We recorded the largest ever observed daily and annual surface melt rates on Greenland under PROMICE. The 8-11 July, 2012 heat wave produced 0.9 m (3 ft) of ice melt for a yearly total of 8.5 m (28 ft), actually 9% less than the 2010 annual value of 9.2 m (30 ft). The peak daily melt rate was 0.28 m (11 inches) occurred on 11 July. To capture such high melt rates, we use a 12.4 m (40 ft) long ruler.
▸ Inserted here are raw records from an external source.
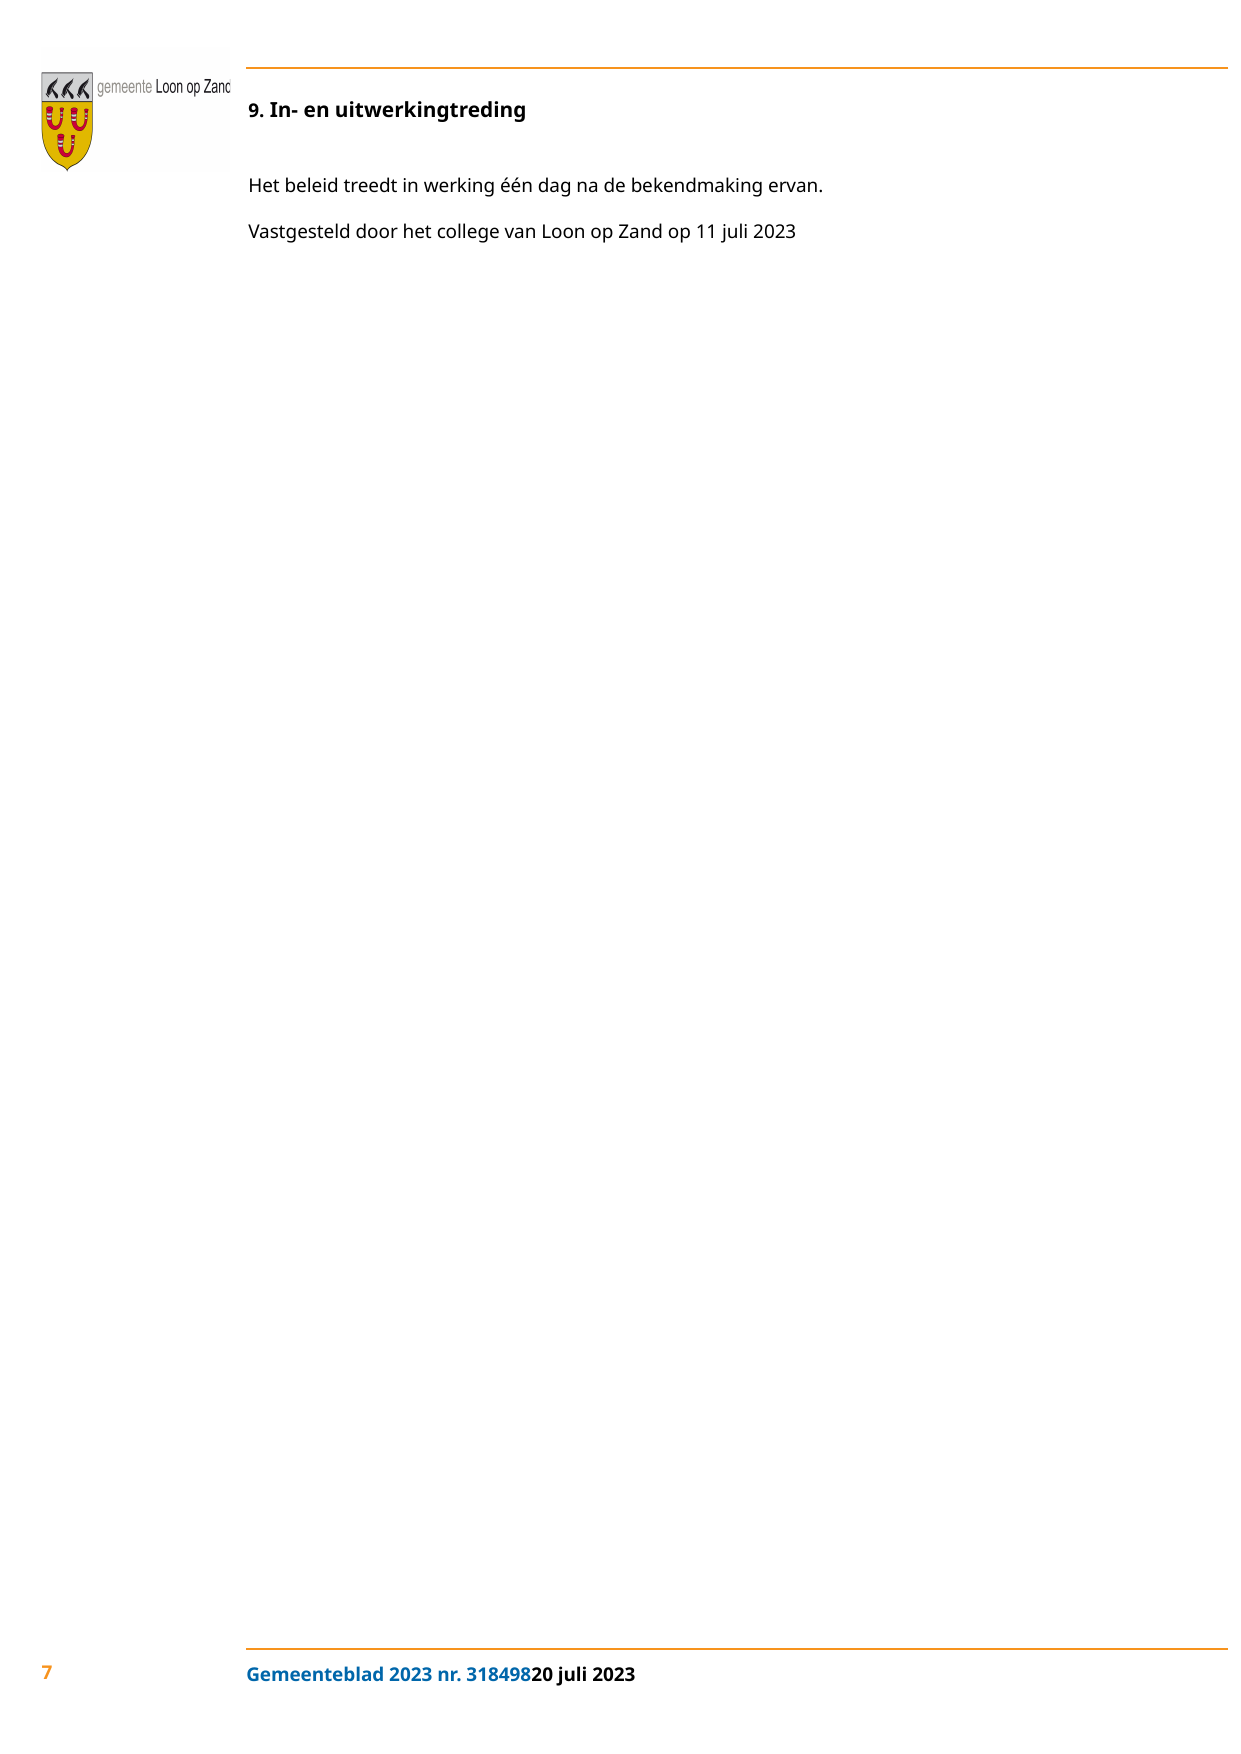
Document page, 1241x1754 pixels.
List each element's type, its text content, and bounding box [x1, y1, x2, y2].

text Het beleid treedt in werking één dag na de bekendmaking ervan. [248, 172, 1152, 198]
text Vastgesteld door het college van Loon op Zand op 11 juli 2023 [248, 218, 1152, 244]
picture [41, 47, 231, 172]
text 9. In- en uitwerkingtreding [248, 95, 1152, 123]
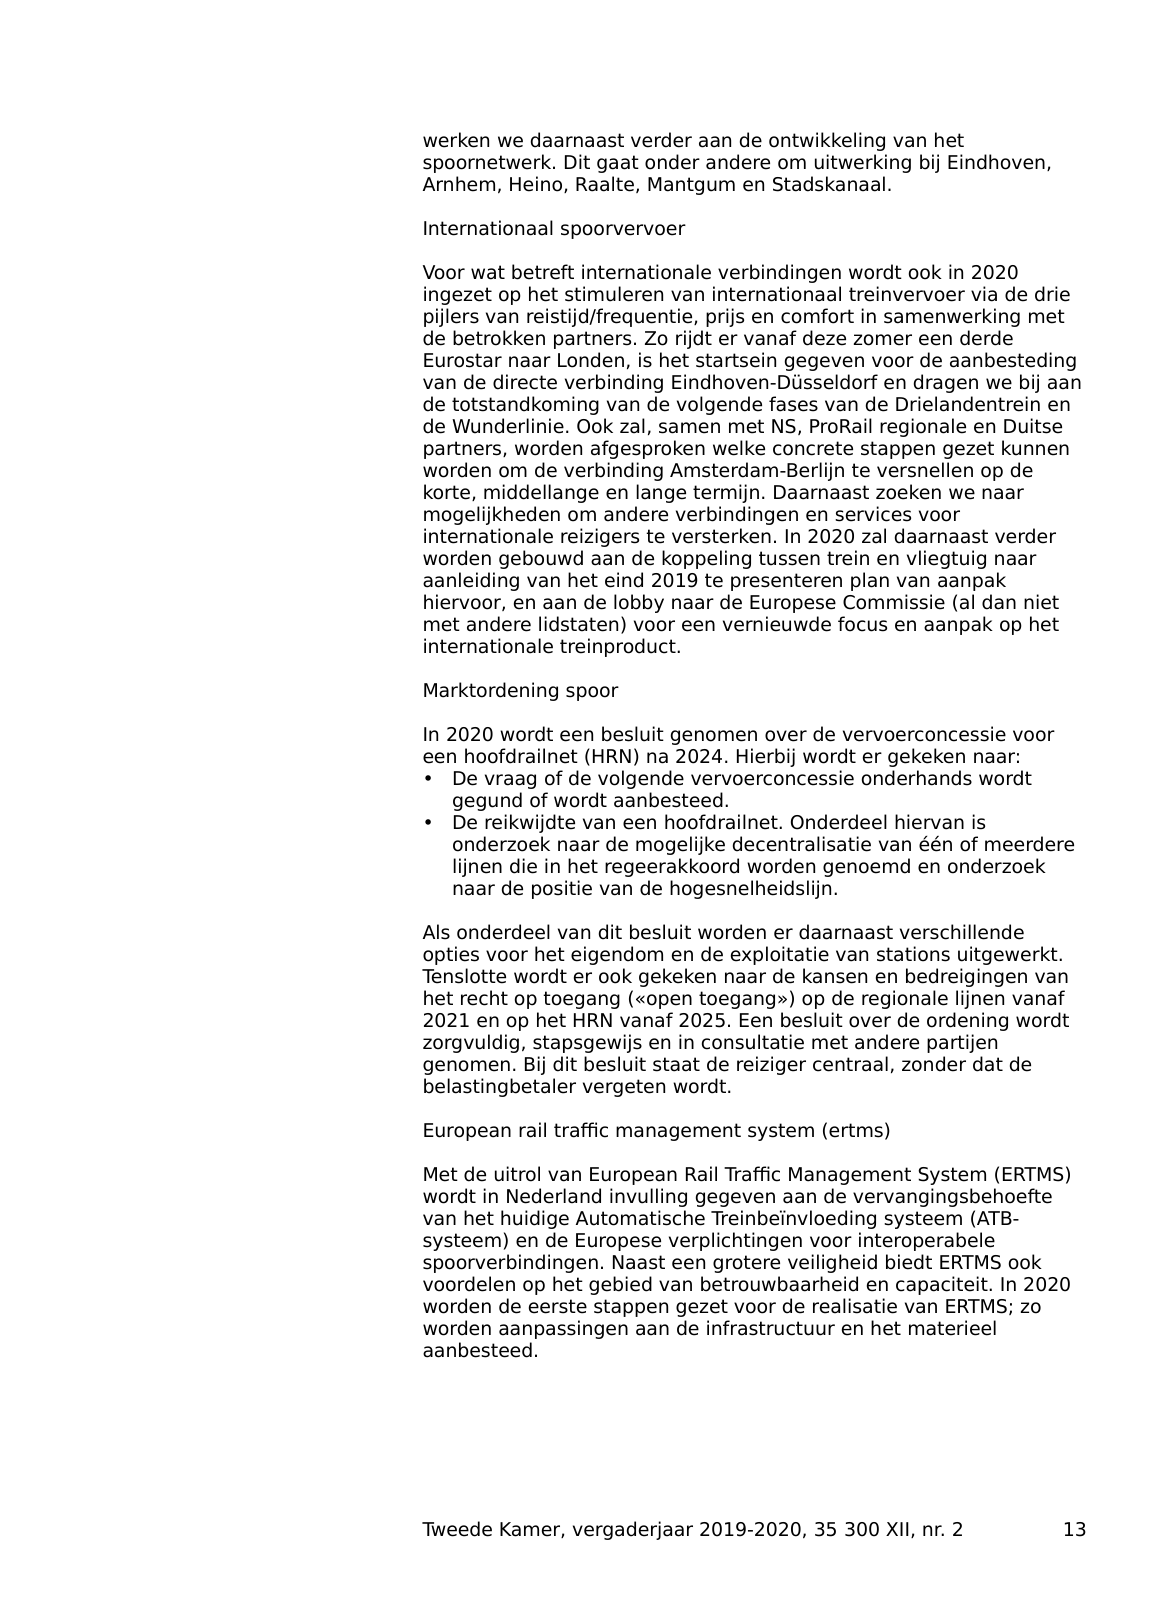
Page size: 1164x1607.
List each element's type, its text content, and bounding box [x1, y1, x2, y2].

subtitle Marktordening spoor [422, 680, 1087, 702]
text Als onderdeel van dit besluit worden er daarnaast verschillende opties voor het eigendom en de exploitatie van stations uitgewerkt. Tenslotte wordt er ook gekeken naar de kansen en bedreigingen van het recht op toegang («open toegang») op de regionale lijnen vanaf 2021 en op het HRN vanaf 2025. Een besluit over de ordening wordt zorgvuldig, stapsgewijs en in consultatie met andere partijen genomen. Bij dit besluit staat de reiziger centraal, zonder dat de belastingbetaler vergeten wordt. [422, 922, 1087, 1098]
text • De vraag of de volgende vervoerconcessie onderhands wordt gegund of wordt aanbesteed. [422, 768, 1087, 812]
subtitle European rail traffic management system (ertms) [422, 1120, 1087, 1142]
text Met de uitrol van European Rail Traffic Management System (ERTMS) wordt in Nederland invulling gegeven aan de vervangingsbehoefte van het huidige Automatische Treinbeïnvloeding systeem (ATB-systeem) en de Europese verplichtingen voor interoperabele spoorverbindingen. Naast een grotere veiligheid biedt ERTMS ook voordelen op het gebied van betrouwbaarheid en capaciteit. In 2020 worden de eerste stappen gezet voor de realisatie van ERTMS; zo worden aanpassingen aan de infrastructuur en het materieel aanbesteed. [422, 1164, 1087, 1362]
text In 2020 wordt een besluit genomen over de vervoerconcessie voor een hoofdrailnet (HRN) na 2024. Hierbij wordt er gekeken naar: [422, 724, 1087, 768]
text werken we daarnaast verder aan de ontwikkeling van het spoornetwerk. Dit gaat onder andere om uitwerking bij Eindhoven, Arnhem, Heino, Raalte, Mantgum en Stadskanaal. [422, 130, 1087, 196]
text Voor wat betreft internationale verbindingen wordt ook in 2020 ingezet op het stimuleren van internationaal treinvervoer via de drie pijlers van reistijd/frequentie, prijs en comfort in samenwerking met de betrokken partners. Zo rijdt er vanaf deze zomer een derde Eurostar naar Londen, is het startsein gegeven voor de aanbesteding van de directe verbinding Eindhoven-Düsseldorf en dragen we bij aan de totstandkoming van de volgende fases van de Drielandentrein en de Wunderlinie. Ook zal, samen met NS, ProRail regionale en Duitse partners, worden afgesproken welke concrete stappen gezet kunnen worden om de verbinding Amsterdam-Berlijn te versnellen op de korte, middellange en lange termijn. Daarnaast zoeken we naar mogelijkheden om andere verbindingen en services voor internationale reizigers te versterken. In 2020 zal daarnaast verder worden gebouwd aan de koppeling tussen trein en vliegtuig naar aanleiding van het eind 2019 te presenteren plan van aanpak hiervoor, en aan de lobby naar de Europese Commissie (al dan niet met andere lidstaten) voor een vernieuwde focus en aanpak op het internationale treinproduct. [422, 262, 1087, 658]
subtitle Internationaal spoorvervoer [422, 218, 1087, 240]
text • De reikwijdte van een hoofdrailnet. Onderdeel hiervan is onderzoek naar de mogelijke decentralisatie van één of meerdere lijnen die in het regeerakkoord worden genoemd en onderzoek naar de positie van de hogesnelheidslijn. [422, 812, 1087, 900]

A persistent air flow that drove air up and over west Greenland prevailed for 6 summers (2007 to 2012), parts of 2015, and in other years. This is the same kind of “atmospheric river” that can replenish California’s moisture deficit and cause flooding. In the case of Greenland, if it’s summer and air temperatures are high enough, there will be no snow, just rain and atmospheric heat delivered to the ice surface can do untold damage to the surface.
The study decomposes the ice melt energy into contributions. Together, atmospheric heat and condensation delivered more energy to the lower elevations of the ice sheet than absorbed sunlight during pulses in July and August 2012. It’s counterintuitive that under cloudy conditions there can be more melting, especially because the surface is so dark in this lower 1/3 of the ice sheet elevations. It goes to show that the ice sheet melt does not get a break just because the sun is blocked.
Climate models under-represent this effect, by our estimate by a factor of two, and with the frequency of warmer air masses driven over Greenland expected to increase with climate change (Collins et al., 2013), the impact of atmospheric heat and condensation will probably bring Greenland ice melt loss faster than forecast.
Works Cited
- Collins, M., R. Knutti, J. Arblaster, J.L. Dufresne, T. Fichefet, P. Friedlingstein, X. Gao, W.J. Gutowski, T. Johns, G. Krinner, M. Shongwe, C. Tebaldi, A.J. Weaver, and M. Wehner, (2013), Long-term Climate Change: Projections, Commitments and Irreversibility. In: Climate Change 2013: The Physical Science Basis. Contribution of Working Group I to the Fifth Assessment Report of the Intergovernmental Panel on Climate Change [Stocker, T.F., D. Qin, G.-K. Plattner, M. Tignor, S.K. Allen, J. Boschung, A. Nauels, Y. Xia, V. Bex and P.M. Midgley (eds.)]. Cambridge University Press, Cambridge, United Kingdom and New York, NY, USA.
- Fausto, R. S., D. van As, J. E. Box, W. Colgan, P. L. Langen, and R. H. Mottram (2016),The implication of nonradiative energy fluxes dominating Greenland ice sheet exceptional ablation area surface melt in 2012,Geophys. Res. Lett., 43, doi:10.1002/2016GL067720.